PROBLEM DESCRIPTION
Transcribe every entry word for word. Skip the pictures.
--*--
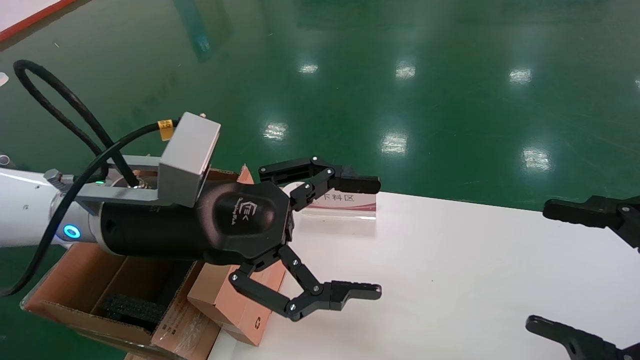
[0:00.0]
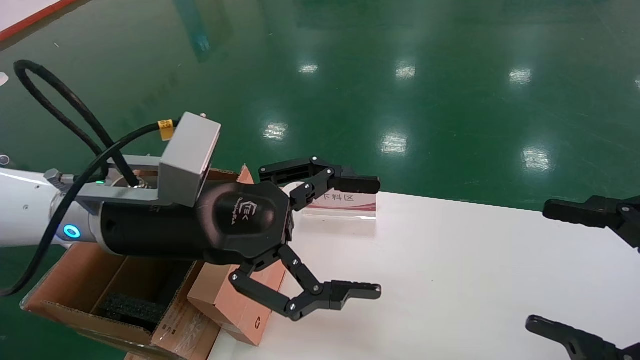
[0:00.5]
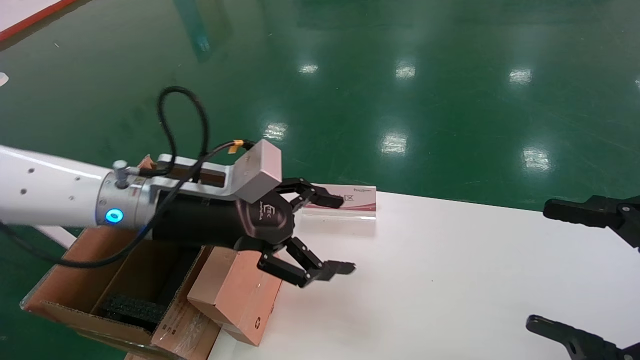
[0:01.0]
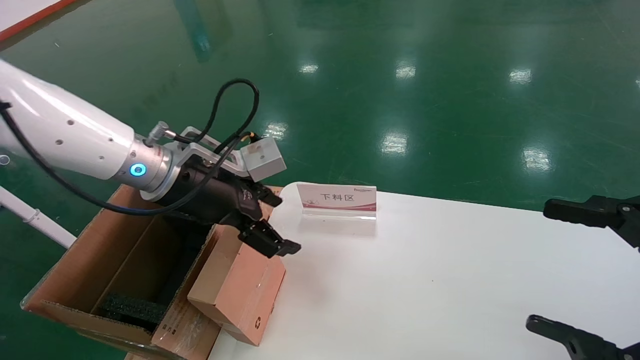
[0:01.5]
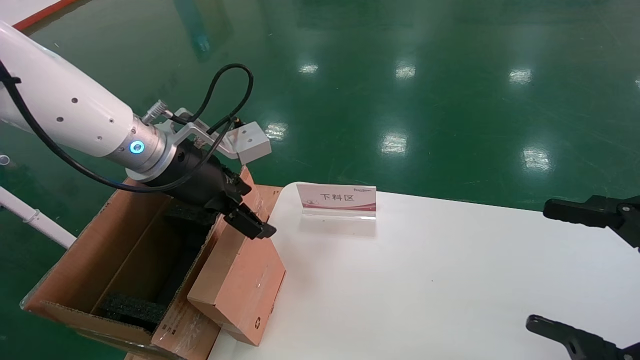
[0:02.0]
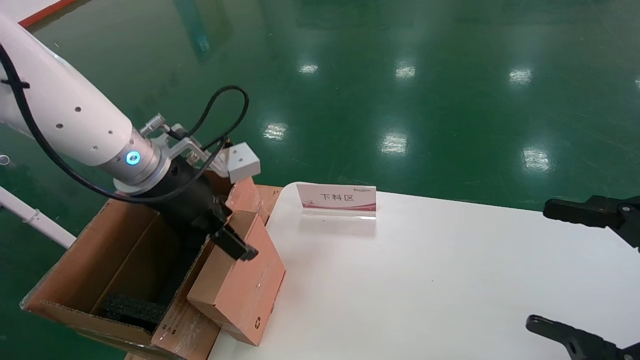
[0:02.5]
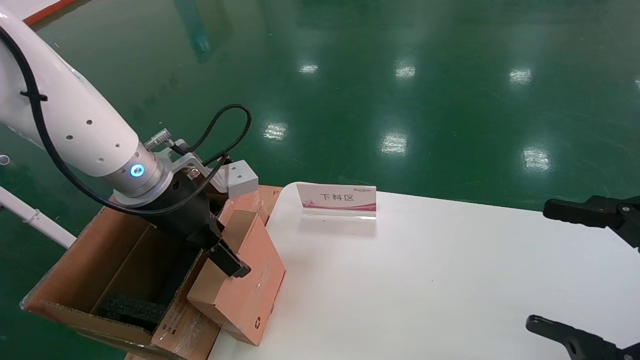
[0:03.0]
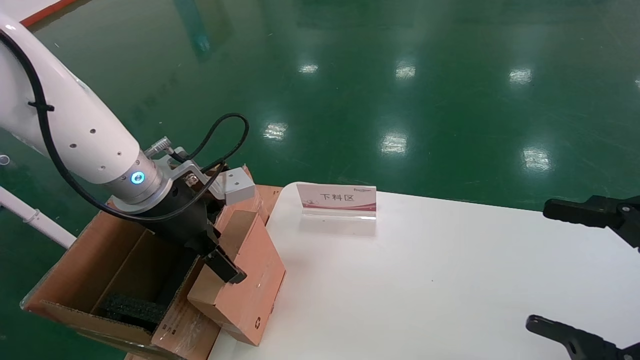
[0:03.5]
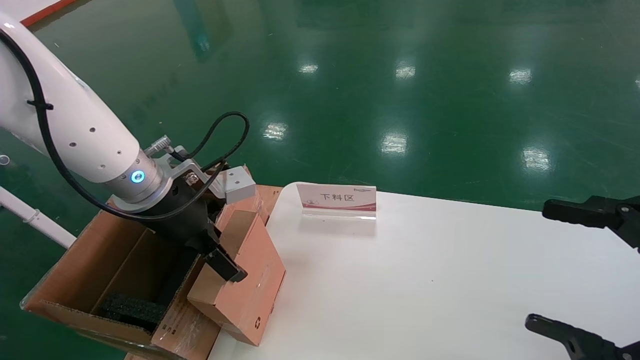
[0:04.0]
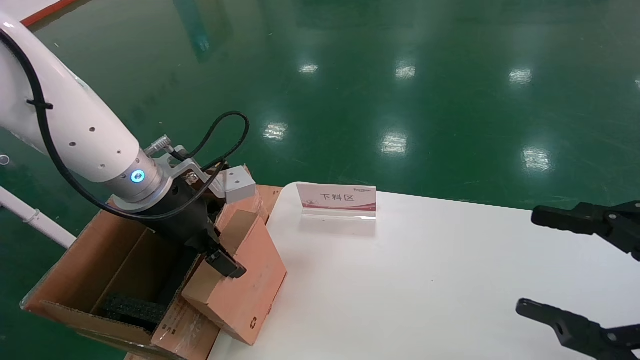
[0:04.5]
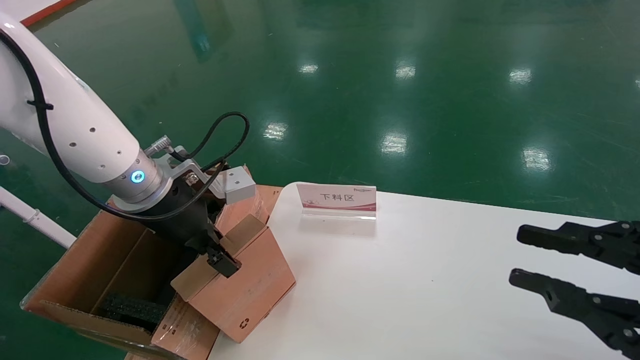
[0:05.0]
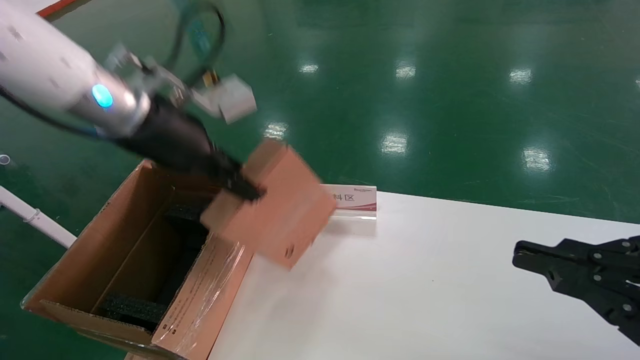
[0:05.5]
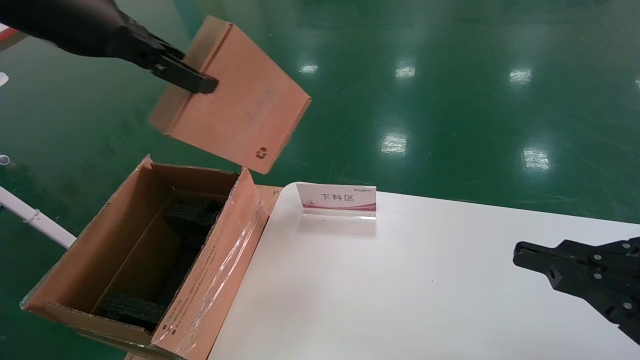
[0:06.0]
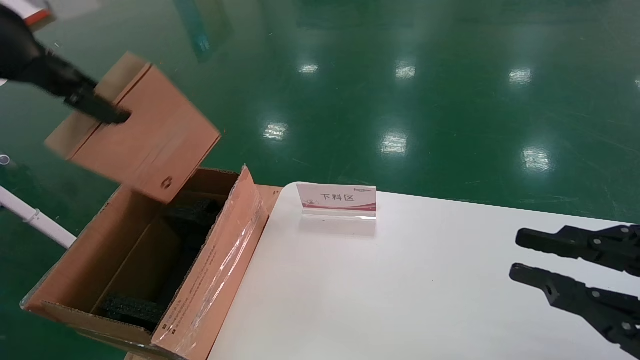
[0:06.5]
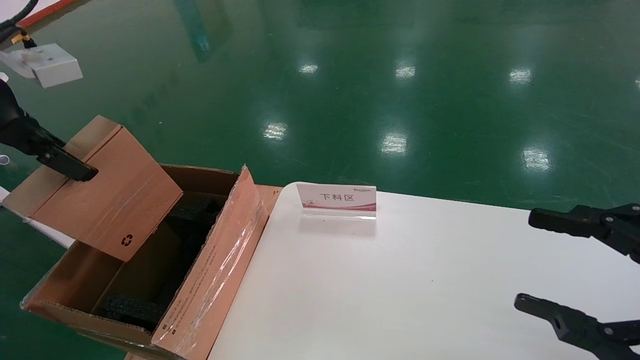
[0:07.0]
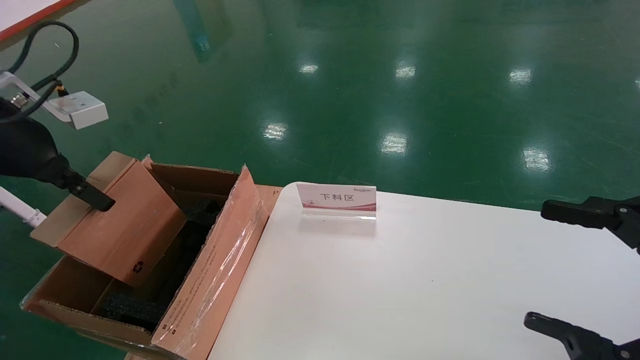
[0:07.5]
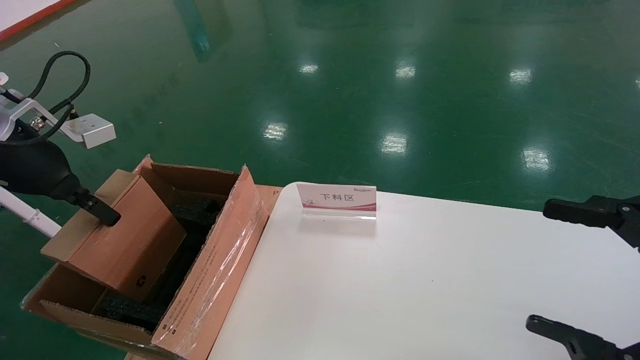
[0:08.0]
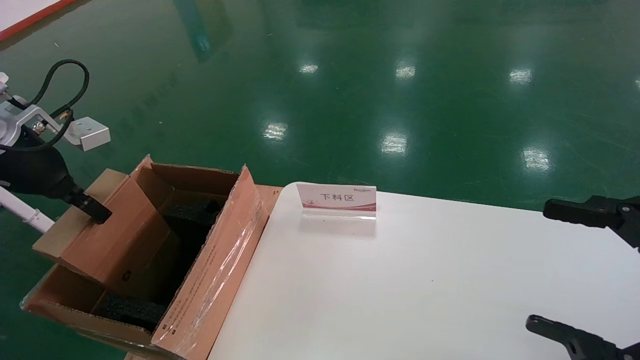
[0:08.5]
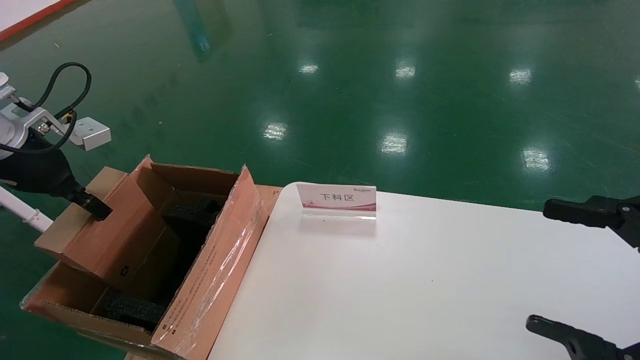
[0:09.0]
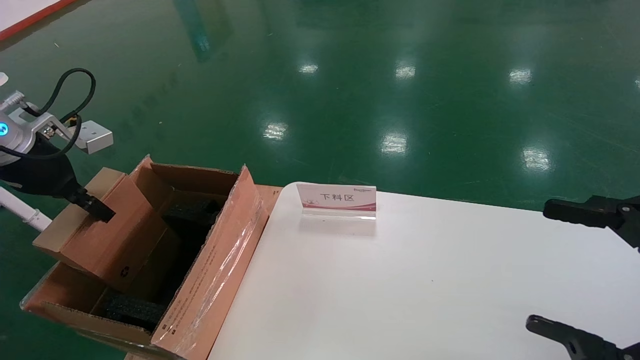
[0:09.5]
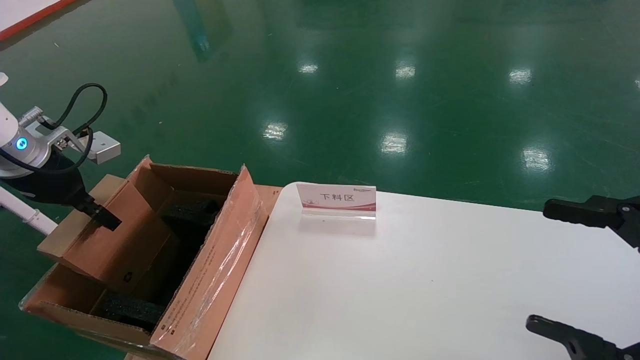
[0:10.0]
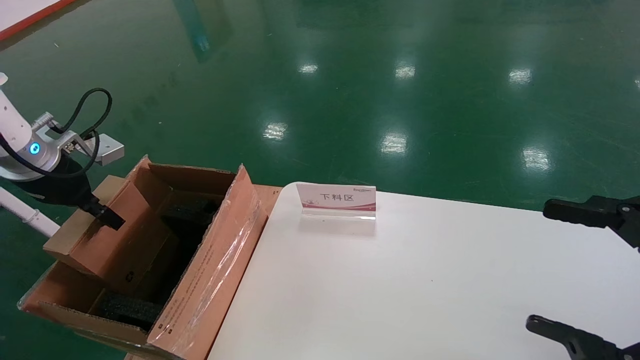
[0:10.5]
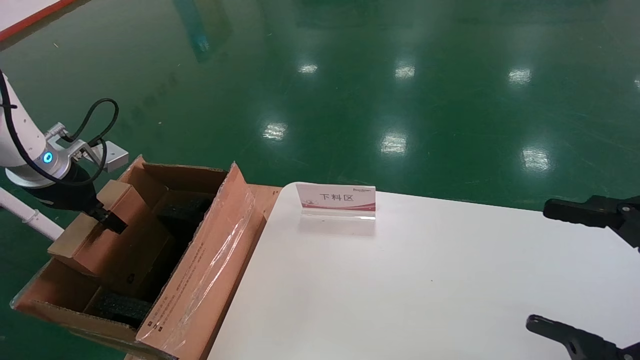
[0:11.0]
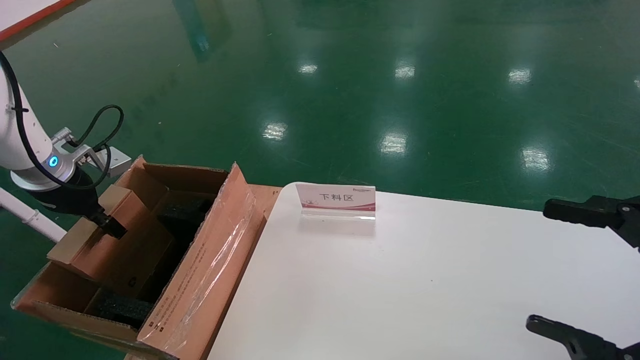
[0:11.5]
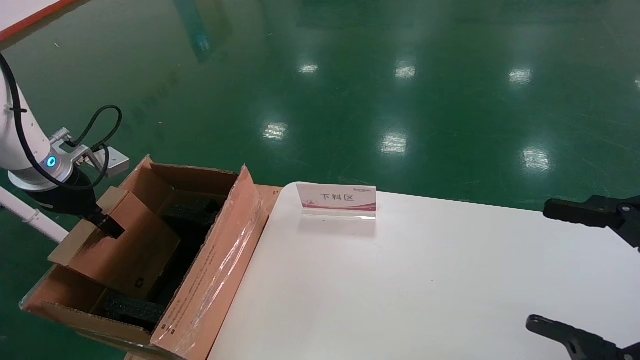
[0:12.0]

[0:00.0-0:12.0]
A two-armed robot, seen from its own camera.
Task of the whole recording: pick up the small cardboard box and load it into the large cardboard box.
Step, 0:01.0 to 0:05.0: Pick up the mouse and power cord box.
0:00.0 to 0:02.0: The left gripper moves forward, about 10 cm.
0:02.0 to 0:04.0: The grippers stay close to where they were, moving slightly.
0:04.0 to 0:06.0: The left gripper heads upward, covering roughly 20 cm, and closes. The right gripper closes up.
0:06.0 to 0:08.0: The left gripper heads downward and to the left, covering some 20 cm, while the right gripper opens.
0:08.0 to 0:10.0: The left gripper ends up roughly 5 cm from where it was.
0:10.0 to 0:12.0: The grippers stay close to where they were, moving slightly.
--*--
THE ANSWER
[0:00.0]
[0:00.5]
[0:01.0]
[0:01.5]
[0:02.0]
[0:02.5]
[0:03.0]
[0:03.5]
[0:04.0]
[0:04.5]
[0:05.0]
[0:05.5]
[0:06.0]
[0:06.5]
[0:07.0]
[0:07.5]
[0:08.0]
[0:08.5]
[0:09.0]
[0:09.5]
[0:10.0]
[0:10.5]
[0:11.0]
[0:11.5]
[0:12.0]

[0:00.0-0:12.0]
A two-armed robot, seen from its own camera.
Task of the whole recording: pick up the small cardboard box and load it into the large cardboard box.
Step, 0:01.0 to 0:05.0: Pick up the mouse and power cord box.
0:00.0 to 0:02.0: The left gripper moves forward, about 10 cm.
0:02.0 to 0:04.0: The grippers stay close to where they were, moving slightly.
0:04.0 to 0:06.0: The left gripper heads upward, covering roughly 20 cm, and closes. The right gripper closes up.
0:06.0 to 0:08.0: The left gripper heads downward and to the left, covering some 20 cm, while the right gripper opens.
0:08.0 to 0:10.0: The left gripper ends up roughly 5 cm from where it was.
0:10.0 to 0:12.0: The grippers stay close to where they were, moving slightly.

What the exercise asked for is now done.